TASK BRIEF »
From the records, return each line that has the word "fill" in it.

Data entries
<<<<

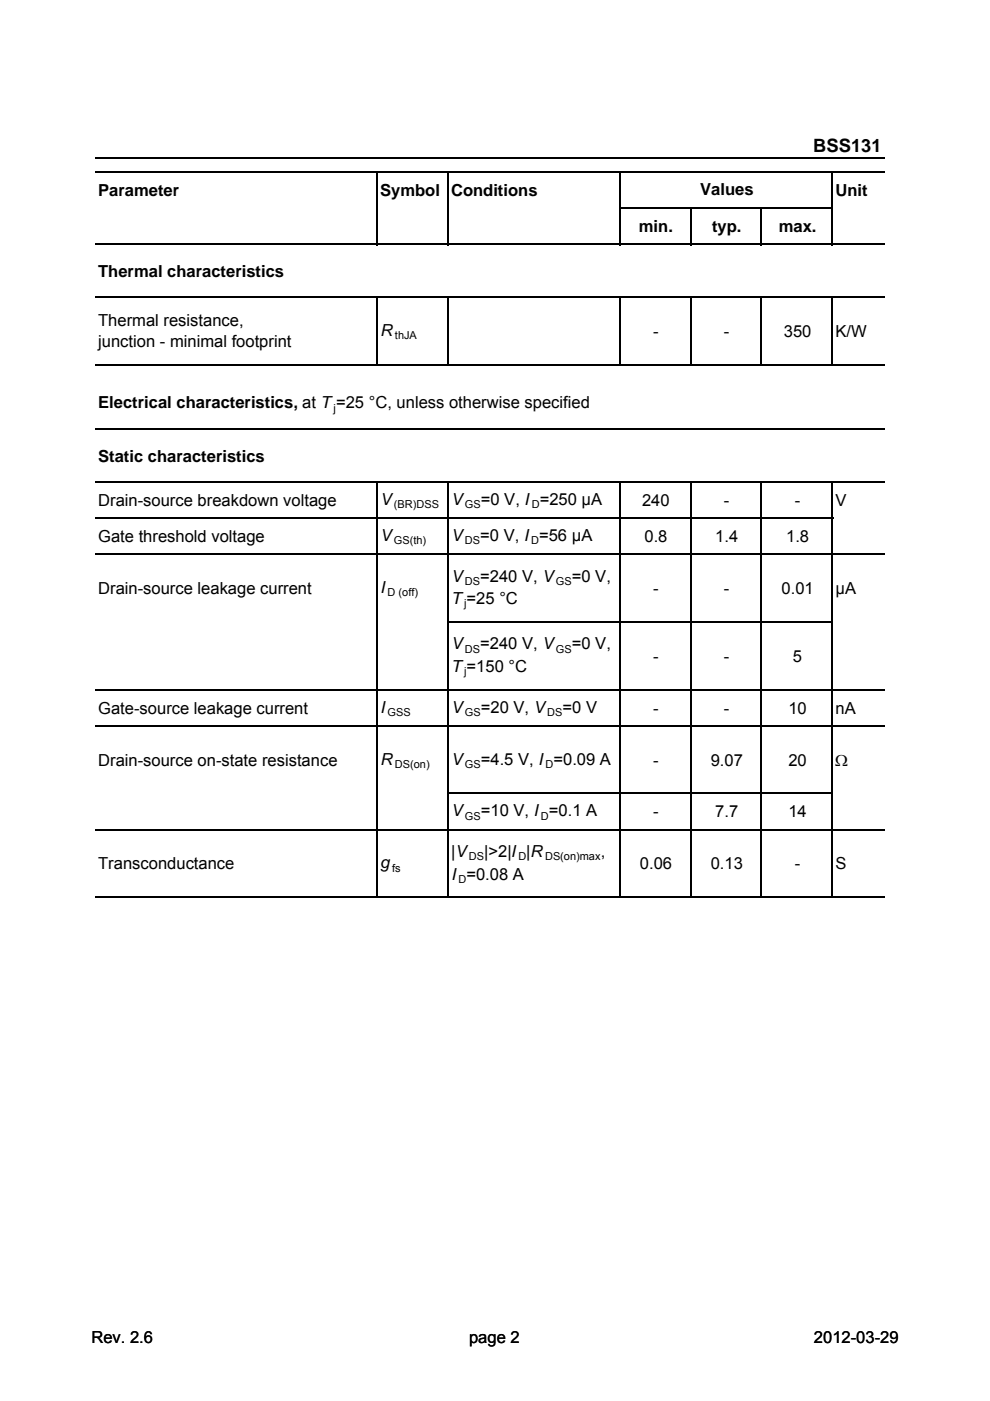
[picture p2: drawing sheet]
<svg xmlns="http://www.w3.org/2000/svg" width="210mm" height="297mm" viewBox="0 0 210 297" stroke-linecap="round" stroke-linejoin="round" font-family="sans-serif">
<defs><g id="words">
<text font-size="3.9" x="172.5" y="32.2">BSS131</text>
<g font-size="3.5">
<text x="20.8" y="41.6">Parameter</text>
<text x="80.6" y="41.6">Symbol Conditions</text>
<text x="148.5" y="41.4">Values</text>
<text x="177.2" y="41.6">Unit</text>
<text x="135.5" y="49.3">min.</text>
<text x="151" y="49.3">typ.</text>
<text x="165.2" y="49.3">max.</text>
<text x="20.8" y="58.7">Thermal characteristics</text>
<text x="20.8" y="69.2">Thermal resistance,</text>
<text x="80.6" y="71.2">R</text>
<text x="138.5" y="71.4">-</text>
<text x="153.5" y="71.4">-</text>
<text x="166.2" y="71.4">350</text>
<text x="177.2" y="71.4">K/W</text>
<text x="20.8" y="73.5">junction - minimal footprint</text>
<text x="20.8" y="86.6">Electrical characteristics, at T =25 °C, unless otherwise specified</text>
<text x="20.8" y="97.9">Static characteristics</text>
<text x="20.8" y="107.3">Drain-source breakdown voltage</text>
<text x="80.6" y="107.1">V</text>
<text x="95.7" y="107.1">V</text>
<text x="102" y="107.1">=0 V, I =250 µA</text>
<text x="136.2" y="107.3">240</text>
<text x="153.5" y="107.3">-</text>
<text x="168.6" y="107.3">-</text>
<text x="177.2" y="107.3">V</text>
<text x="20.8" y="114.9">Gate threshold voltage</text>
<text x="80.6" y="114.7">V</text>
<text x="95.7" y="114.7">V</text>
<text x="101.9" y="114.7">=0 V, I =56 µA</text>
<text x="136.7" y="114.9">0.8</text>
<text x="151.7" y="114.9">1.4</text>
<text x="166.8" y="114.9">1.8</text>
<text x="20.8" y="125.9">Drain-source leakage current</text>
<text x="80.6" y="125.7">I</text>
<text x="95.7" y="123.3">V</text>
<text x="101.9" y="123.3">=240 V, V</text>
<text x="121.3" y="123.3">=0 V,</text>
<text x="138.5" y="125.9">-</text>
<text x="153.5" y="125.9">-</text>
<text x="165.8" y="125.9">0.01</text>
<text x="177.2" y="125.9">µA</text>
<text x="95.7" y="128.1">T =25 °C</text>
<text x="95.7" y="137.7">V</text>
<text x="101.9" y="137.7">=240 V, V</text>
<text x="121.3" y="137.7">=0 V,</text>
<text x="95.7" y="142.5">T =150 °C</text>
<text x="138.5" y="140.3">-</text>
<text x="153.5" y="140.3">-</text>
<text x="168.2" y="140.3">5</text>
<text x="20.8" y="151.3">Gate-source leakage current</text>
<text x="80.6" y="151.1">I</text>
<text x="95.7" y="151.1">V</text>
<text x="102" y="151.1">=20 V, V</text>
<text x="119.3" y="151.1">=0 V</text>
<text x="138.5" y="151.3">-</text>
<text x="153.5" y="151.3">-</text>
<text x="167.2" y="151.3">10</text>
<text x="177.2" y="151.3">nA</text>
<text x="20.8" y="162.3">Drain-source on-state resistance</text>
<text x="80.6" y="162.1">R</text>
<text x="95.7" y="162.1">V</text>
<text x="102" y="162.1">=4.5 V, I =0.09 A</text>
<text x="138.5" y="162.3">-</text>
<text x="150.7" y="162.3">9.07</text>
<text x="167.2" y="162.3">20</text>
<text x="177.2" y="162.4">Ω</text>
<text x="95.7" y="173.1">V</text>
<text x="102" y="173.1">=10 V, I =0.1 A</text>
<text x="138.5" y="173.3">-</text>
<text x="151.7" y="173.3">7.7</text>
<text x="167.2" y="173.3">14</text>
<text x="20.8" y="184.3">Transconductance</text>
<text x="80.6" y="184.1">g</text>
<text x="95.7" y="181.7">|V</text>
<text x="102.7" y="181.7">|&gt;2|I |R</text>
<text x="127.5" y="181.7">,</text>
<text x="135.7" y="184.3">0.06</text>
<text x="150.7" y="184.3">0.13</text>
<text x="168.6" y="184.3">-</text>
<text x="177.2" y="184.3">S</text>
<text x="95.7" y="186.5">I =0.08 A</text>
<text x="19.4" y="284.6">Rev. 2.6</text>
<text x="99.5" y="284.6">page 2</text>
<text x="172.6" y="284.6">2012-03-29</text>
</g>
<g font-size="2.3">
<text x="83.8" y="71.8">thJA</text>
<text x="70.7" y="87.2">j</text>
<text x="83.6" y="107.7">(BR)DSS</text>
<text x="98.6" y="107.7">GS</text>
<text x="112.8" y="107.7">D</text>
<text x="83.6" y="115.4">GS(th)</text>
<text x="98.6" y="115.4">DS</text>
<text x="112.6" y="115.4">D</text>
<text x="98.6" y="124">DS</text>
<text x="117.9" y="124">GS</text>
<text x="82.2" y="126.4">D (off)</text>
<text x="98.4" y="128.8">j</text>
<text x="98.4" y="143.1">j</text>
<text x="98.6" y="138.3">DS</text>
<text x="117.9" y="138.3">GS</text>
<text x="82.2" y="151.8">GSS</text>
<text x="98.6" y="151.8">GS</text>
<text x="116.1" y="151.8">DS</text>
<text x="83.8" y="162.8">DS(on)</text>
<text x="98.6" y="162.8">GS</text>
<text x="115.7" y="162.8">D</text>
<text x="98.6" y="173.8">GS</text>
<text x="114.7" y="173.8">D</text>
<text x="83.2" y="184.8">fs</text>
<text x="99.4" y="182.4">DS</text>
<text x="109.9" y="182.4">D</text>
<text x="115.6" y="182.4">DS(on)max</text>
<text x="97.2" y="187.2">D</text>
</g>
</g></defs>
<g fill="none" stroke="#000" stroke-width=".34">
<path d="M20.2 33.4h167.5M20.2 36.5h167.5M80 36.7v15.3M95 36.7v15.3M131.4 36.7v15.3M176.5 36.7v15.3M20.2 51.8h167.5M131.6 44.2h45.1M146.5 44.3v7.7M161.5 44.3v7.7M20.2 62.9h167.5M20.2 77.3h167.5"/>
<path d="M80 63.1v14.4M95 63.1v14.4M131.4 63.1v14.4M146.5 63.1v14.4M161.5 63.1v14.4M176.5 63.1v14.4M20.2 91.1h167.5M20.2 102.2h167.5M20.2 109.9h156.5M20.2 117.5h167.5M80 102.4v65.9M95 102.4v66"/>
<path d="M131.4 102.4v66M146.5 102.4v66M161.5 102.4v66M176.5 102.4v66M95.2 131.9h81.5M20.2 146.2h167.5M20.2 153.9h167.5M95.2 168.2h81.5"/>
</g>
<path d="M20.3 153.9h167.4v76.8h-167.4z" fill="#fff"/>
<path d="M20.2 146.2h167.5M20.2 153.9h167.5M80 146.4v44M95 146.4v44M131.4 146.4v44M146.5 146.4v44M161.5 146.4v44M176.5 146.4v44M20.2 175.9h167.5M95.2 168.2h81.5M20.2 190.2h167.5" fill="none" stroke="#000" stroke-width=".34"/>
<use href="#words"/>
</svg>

>>>>

OUTPUT »
<g fill="none" stroke="#000" stroke-width=".34">
<path d="M20.3 153.9h167.4v76.8h-167.4z" fill="#fff"/>
<path d="M20.2 146.2h167.5M20.2 153.9h167.5M80 146.4v44M95 146.4v44M131.4 146.4v44M146.5 146.4v44M161.5 146.4v44M176.5 146.4v44M20.2 175.9h167.5M95.2 168.2h81.5M20.2 190.2h167.5" fill="none" stroke="#000" stroke-width=".34"/>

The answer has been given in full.